The used-to-be-kelly green now briny green or olive green or sweaty green or should-be-thrown-away green twins baseball cap bought at a game years ago that, after many adjustments, fits just right—even when wind is really blowing and trying to rip it off and throw it in the river—and that I wear whenever running is fraying on top, creating a briny green bald spot and causing distress because I love it and don’t want to get rid of it and fear that there will never, ever be another cap as great or faithful in keeping out sun and capturing sweat so it doesn’t run into my eyes as this one that snugly, but not too snugly, sits on my head.
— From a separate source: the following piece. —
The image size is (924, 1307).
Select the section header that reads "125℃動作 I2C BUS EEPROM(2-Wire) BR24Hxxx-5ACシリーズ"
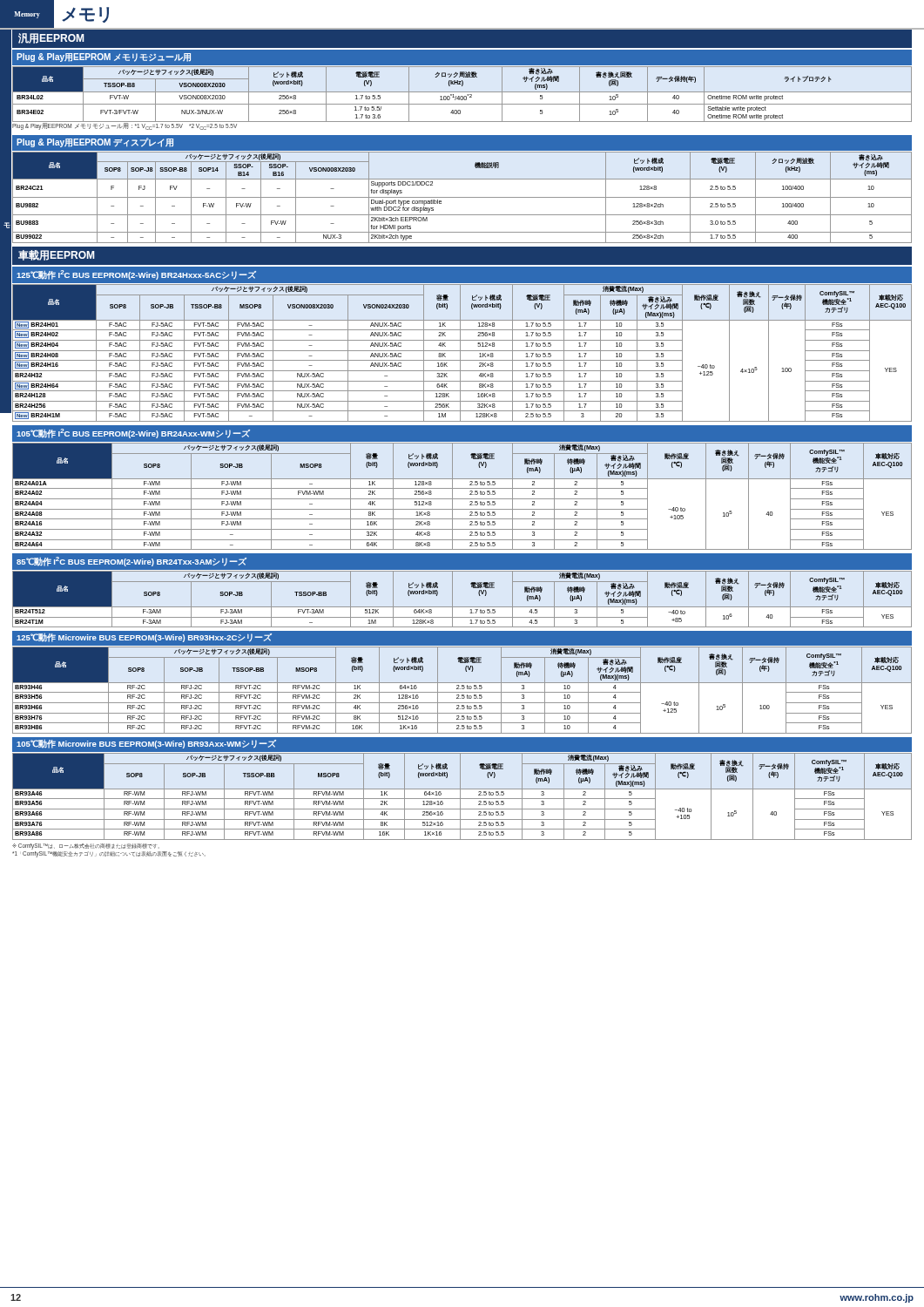(x=136, y=274)

Writing down Mary Oliver’s line I don’t know exactly what a prayer is, I do know how to pay attention I think sometime soon, maybe mid-run, above the river, sweat dripping off the brim of a barely still green baseball cap, face turning bright red, unevenly flushed cheeks—not rosy but ruddy, I’ll notice wind sounding like water gently boiling or an oak leaning forward listening in as other trees talk or a canopy of different shades of green, all fruit shades—pears, limes, avocados—and say out loud, “Me too Mary.”
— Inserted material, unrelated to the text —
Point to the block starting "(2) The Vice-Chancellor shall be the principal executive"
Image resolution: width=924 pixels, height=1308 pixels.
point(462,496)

Walking with Dog. Above—oak savanna, hidden by hill. Near—tree stumps with chain link limbs. Below—steel blue river, bare brown trunks, bright, glowing green slashes of invading buckthorns refusing to accept late fall and snow coming soon. I softly call to Dog, “stop! slow down! no, this way!” Irritated. Annoyed. Trying to avoid a fall with slippery leaves, either wet or hiding holes. Dog’s sniffing and darting too much to listen. Then looking ahead suspiciously. At something. I stare too. Trying to see what Dog sees. Nothing’s there. I stare. Again and again. Just lonely Black Fence. “There’s nothing there, silly Dog!” I keep walking. Suddenly Black Fence grows a person. Not like trees growing fences further back but like a person spontaneously sprouting out of Black Fence fully formed. Leaning and looking at me, then at steel blue mississippi.